January 2, 2022

The Year in Review, December 17

This was billed as “an immersive spoken word event” (I was afraid I’d have to wear a bathing suit but I knew there was no swimming pool at The Linda) “where we will look back at 2021 AND look ahead at what we planned for 2022,” the “we” being our own Albanypoets. In fact, this event was held at The Linda, the WAMC theater on Central Ave. in Albany where in past years Albanypoets had organized many spoken word events, & indeed it was a looking back & a looking ahead. It seems fitting now to be posting this in the first days of the New Year.

There were 8 local poets performing, well-known to one degree or another to the larger poetic community. Peter Hughes, General Manager of The Linda introduced Thom Francis, el presidente of Albanypoets, who was the MC & was one of the performing poets. 

First up to the mic was James Duncan, with poems from/about a variety of places, from Albany, to the NYC “Skyway, to East Greenbush (“Jaws of Memory”). He read (“A Splinter”) about finding a copy of Carl Sandburg’s Harvest Poems in a 2nd hand bookstore in Columbia County; you can find James’ accounts of his visits to bookstores far & near on the AlbanyPoets.com website. His poem “Who Lives Here?” was about where he lives now on Pine Ave. (either South Pine or North Pine), in close proximity to other readers here tonight & audience members. His reading also introduced the night’s multi-media aspect of videos playing behind the readers, shots of local areas, or other places such as NYC that we, the audience, recognized.

Next up was one of my favorite poets who also happens to be local, Rebecca Schumejda, who read only one, long piece, “Advance Directions,” from a book in-progress, but what a moving, intense  experience, looking back into the almost-gone past year. Mixing pandemic rules with images of cancer treatments of her dying mother & husband, with tough images of suffering & death, it was an incredibly brave & tender poem of grief. Like most poets you can find her wonderful poetry books on Amazon.

Matthew Klane
, in contrast to Rebecca, read many little poems & he read them from a stack of little pieces of paper held in the palm of his hand. Most, if not all, had titles but if I tried to write all the titles down I would’ve missed the poems. They are satirical political, sociological analysis/critiques of pop culture & news, stories. They are quirky, often humorous & full of the word-play of a natural-born punster. He also seemed to enjoy the video playing behind him, checking to see where he was at.

The vice-President (emphasis on “vice”) of AlbanyPoets, Mary Panza, is a long-term veteran of the poetry wars in Albany, one-time bartender, current massage therapist & Mom. She read a mix of new stuff & some welcome old favorites, beginning with a COVID word-play on forms & numbers, “The Dyslexic Pandemic.” She is proud of having survived South Troy, & read a memoir of sitting on the stoop “Parked Cars,” another on a string of memories from the ’80s addressed to her daughter. She read in her barefeet as she was in the poem “Muscle Memories,” & the poem “Those Black & White Photos” was nostalgia for a more recent time.

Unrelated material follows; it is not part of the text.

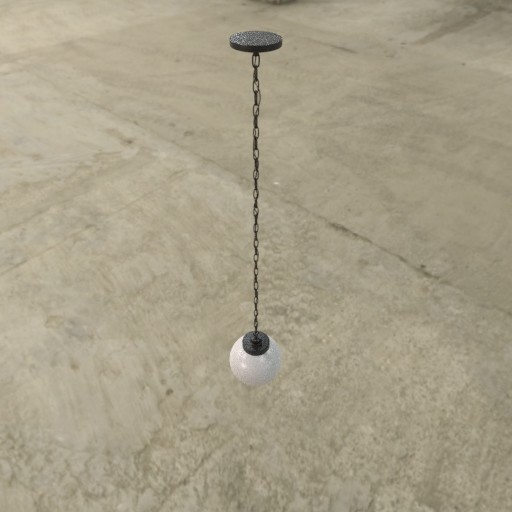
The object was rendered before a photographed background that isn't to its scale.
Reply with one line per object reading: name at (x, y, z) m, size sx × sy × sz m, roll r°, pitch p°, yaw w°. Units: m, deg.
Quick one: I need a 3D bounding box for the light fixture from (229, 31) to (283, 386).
light fixture at (0.000, 0.000, 2.046) m, size 0.305 × 1.867 × 0.304 m, roll -12°, pitch 42°, yaw -14°

Austin Houston published a slim book of poems in early 2021 Existence: Chaos in Our Own Backyard. Tonight he read what he described as “a timeline from 2021” beginning with a piece on Donald Trump, the former President, & the January 6 riot he instigated.  Another piece from the year began, “Forgive? I’m just depressed…” He also read a poem/letter addressed to a young friend who died in a motorcycle accident. Indeed, on a national level & on a personal level, it has been a tough year.

The poet who goes by the name Siena has been showing up on occasion at area open mics & making an impression on the audiences. She also read a couple of “pandemic poems,” one about wanting to write a poem when it is all a memory, another an ode to social workers, reflecting on the drain on herself during the year. Many of the poems I’ve heard her read previously are personal, one about saying sorry, another an angry relationship poem. & the poem she ended with looked back to December a year ago titled “Written for Each Thing We Missed.”

I first encountered Avery Stempel & his performative poetry in the late 1990s, & he continues to write poetry, & has recently started Collar City Mushrooms in Troy (of course). He read a series of poems from a poem-a-day project he did in March 2020 (!), each piece titled with number of the day in the series, images of what’s around him, plastic bags, “salad days & salad bars,” Zoom & his reactions, & on the birth of Collar City Mushrooms. His signature mushroom poem is “Tao de Mogu.” & he ended with the affirmative “From Me to You.”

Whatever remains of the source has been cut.